Description of problem: System locks up in panic() in kernel 2.4.9-e.3. Checking 2.4.9-e.16 also shows same code. Version-Release number of selected component (if applicable): Problem reproduced in 2.4.9-e.3. Code is same in 2.4.9-e.16. How reproducible: Difficult. Steps to Reproduce: 1. Heavily stress SMP system until panic received. (Still diagnosing) 2. 3. Actual results: Endless loop in panic.c when doing CHECK_EMERGENCY_SYNC Expected results: no hang. Additional info: Using an ITP we obtained the following code of a locked up processor: 0x0148:0010:00000000c011b989 e872cffeff call $-x00013089 ;a=c01 08900 0x0148:0010:00000000c011b98e a1f4d53dc0 mov eax, dword ptr 0xc03dd5f4] 0x0148:0010:00000000c011b993 8db600000000 lea esi, dword ptr [esi+ 0x00000000] 0x0148:0010:00000000c011b999 8dbc2700000000 lea edi, dword ptr [edi+ 0x00000000] 0x0148:0010:00000000c011b9a0 85c0 test eax, eax 0x0148:0010:00000000c011b9a2 74fc jz $-0x02 ;a=c011b9a0 0x0148:0010:00000000c011b9a4 e8878d0700 call +0x00078d8c ;a=c0194730 Please note that the "test eax, eax" followed by the jz is not going anywhere. eax was previously loaded with the value of emergency_sync_scheduled. This appears at the end of panic() in linux/kernel/panic.c in the macro CHECK_EMERGENCY_SYNC which is defined in linux/include/linux/sysrq.h. Looks like emergency_sync_scheduled at first glance should be marked volatile.

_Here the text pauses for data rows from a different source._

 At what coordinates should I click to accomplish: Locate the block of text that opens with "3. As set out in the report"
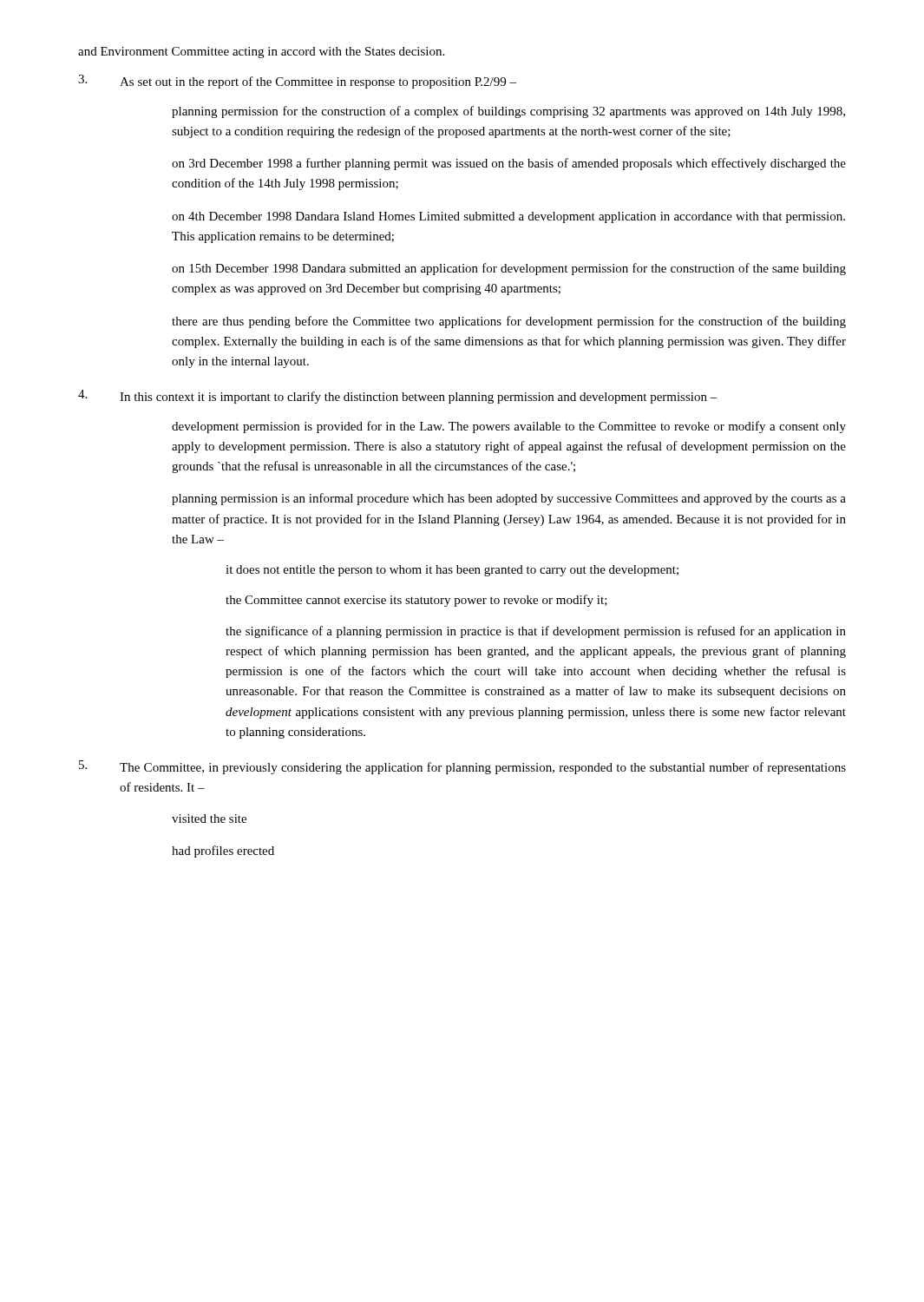(x=462, y=82)
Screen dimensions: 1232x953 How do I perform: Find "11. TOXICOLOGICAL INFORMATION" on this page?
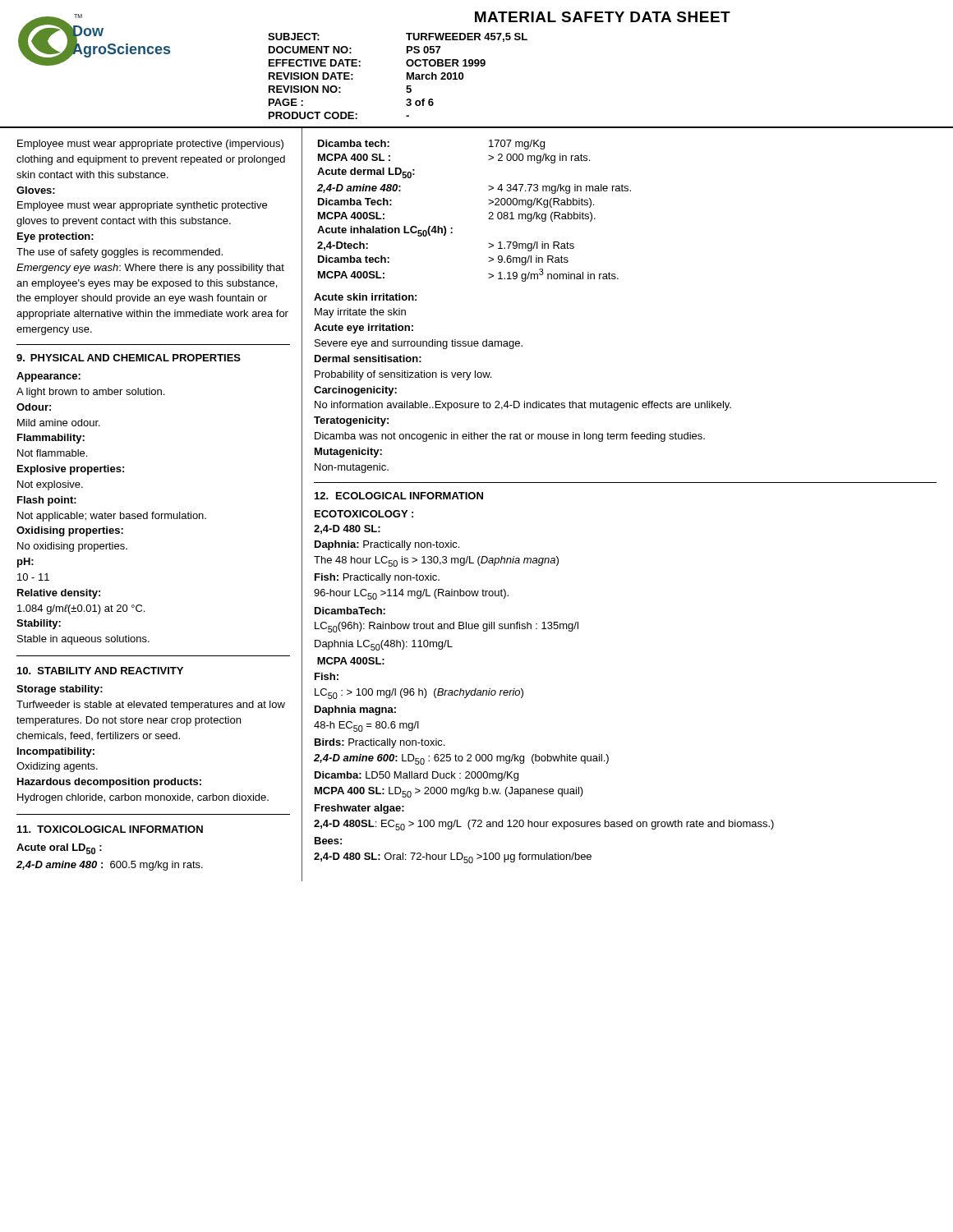click(x=110, y=829)
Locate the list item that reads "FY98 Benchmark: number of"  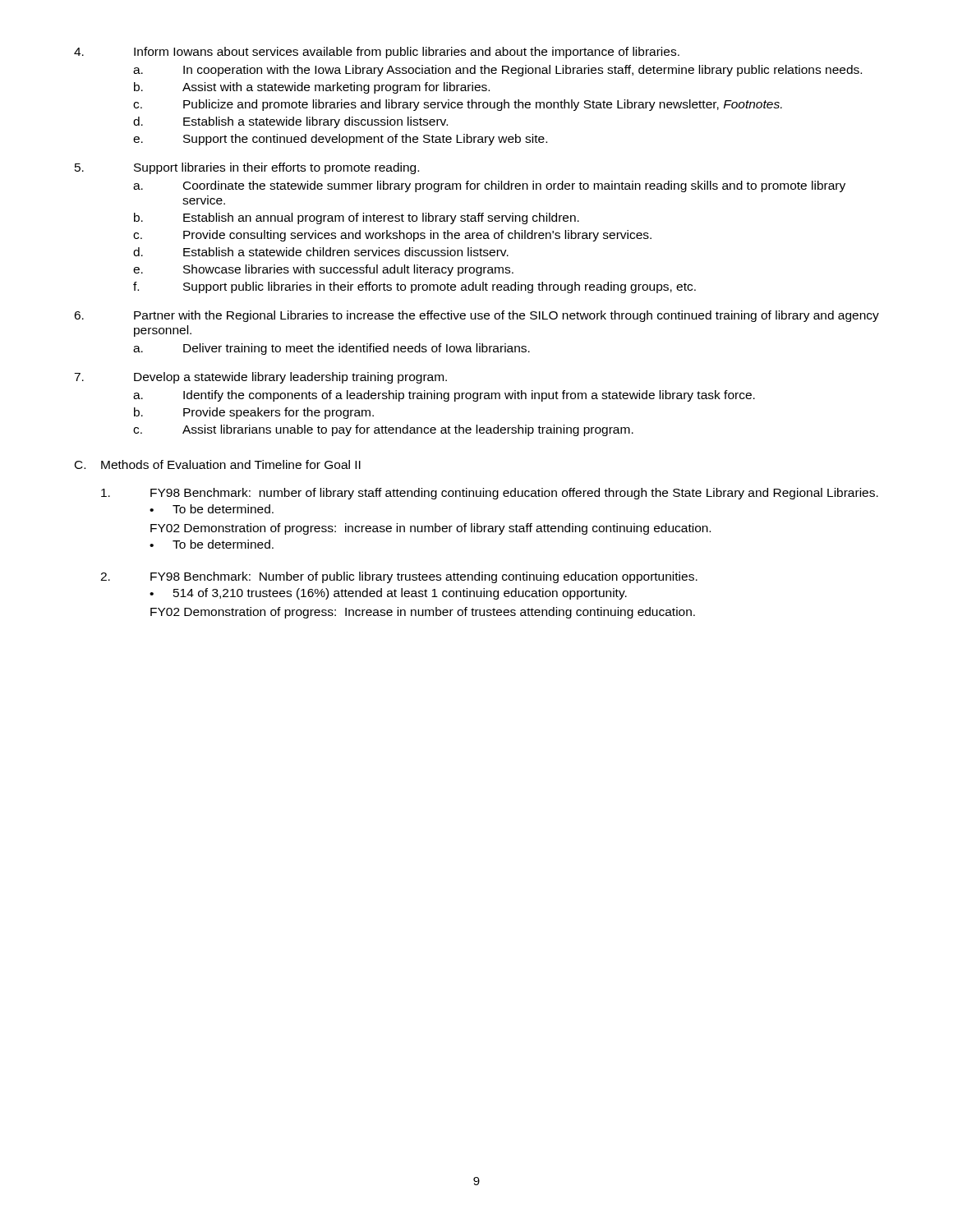tap(490, 521)
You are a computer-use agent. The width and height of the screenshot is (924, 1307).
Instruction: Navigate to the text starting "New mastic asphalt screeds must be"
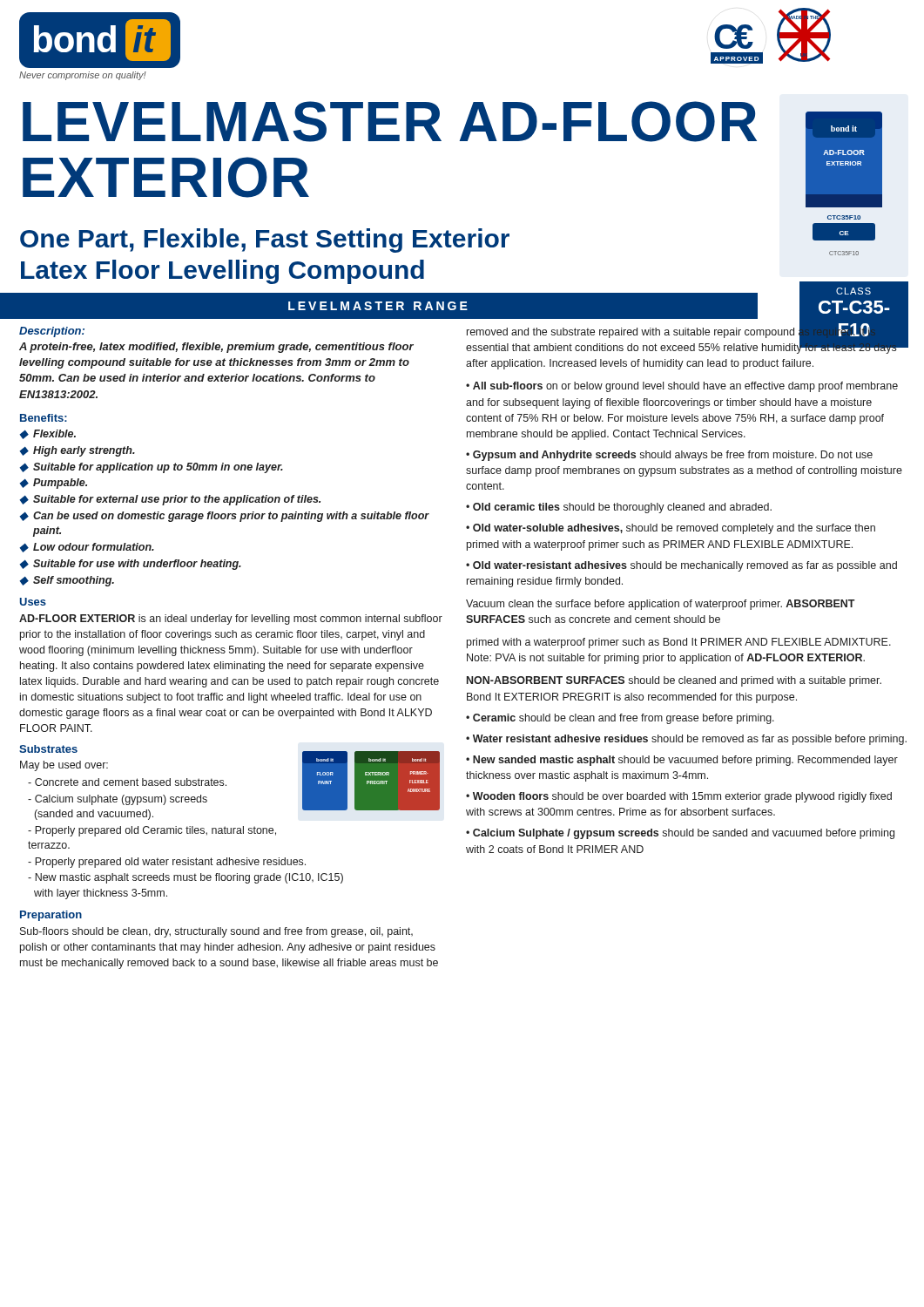[186, 885]

Hmmm... I just checked 2.4.20 from kernel.org and sysrq.h has been patched to define emergency_sync_scheduled as "volatile int".
ehm panic() isn't actually supposed to return....... it's like a panic
That is understandable. But it would be nice if it was coded that way instead of depending on a compiler optimization. This code looks like it is waiting for the variable emergency_sync_scheduled to be non-zero and then call do_emergency_sync. Coded as is it will never call do_emergency_sync. yes?